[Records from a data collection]
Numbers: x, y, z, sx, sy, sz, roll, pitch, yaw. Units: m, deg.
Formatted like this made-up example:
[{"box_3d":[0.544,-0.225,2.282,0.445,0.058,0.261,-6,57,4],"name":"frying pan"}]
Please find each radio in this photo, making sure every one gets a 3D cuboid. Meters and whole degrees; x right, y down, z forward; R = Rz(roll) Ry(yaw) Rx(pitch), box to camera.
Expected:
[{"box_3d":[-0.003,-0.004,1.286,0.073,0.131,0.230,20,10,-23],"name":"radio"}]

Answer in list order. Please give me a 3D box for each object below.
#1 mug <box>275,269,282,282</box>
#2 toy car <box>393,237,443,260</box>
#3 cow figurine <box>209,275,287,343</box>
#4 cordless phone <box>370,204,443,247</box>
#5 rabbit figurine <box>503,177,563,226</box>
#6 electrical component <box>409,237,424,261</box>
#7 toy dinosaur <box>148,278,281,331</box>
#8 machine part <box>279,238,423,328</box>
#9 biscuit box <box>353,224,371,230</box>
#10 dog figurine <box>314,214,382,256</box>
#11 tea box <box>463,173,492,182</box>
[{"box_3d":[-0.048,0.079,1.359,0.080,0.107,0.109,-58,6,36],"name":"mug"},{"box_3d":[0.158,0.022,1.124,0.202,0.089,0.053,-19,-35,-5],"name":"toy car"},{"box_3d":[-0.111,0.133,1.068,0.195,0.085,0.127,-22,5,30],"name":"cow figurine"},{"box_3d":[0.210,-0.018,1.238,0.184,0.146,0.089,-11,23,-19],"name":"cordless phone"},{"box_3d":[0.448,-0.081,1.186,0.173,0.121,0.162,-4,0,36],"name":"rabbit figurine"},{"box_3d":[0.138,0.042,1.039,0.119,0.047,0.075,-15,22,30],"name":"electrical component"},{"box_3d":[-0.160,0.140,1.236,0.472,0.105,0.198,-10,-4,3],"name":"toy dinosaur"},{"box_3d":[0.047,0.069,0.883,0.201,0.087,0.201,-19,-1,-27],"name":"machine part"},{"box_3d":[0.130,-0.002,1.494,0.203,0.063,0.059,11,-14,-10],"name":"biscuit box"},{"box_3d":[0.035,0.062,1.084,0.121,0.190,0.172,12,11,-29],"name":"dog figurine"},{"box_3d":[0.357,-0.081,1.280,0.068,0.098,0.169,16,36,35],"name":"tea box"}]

▸ Problem statement
A complete answer reproduces every line of the records in which the word "pitch" occurs.

▸ Answer section
Numbers: x, y, z, sx, sy, sz, roll, pitch, yaw. Units: m, deg.
Please find each radio in this photo, making sure every one gets a 3D cuboid. Meters and whole degrees; x right, y down, z forward; R = Rz(roll) Ry(yaw) Rx(pitch), box to camera.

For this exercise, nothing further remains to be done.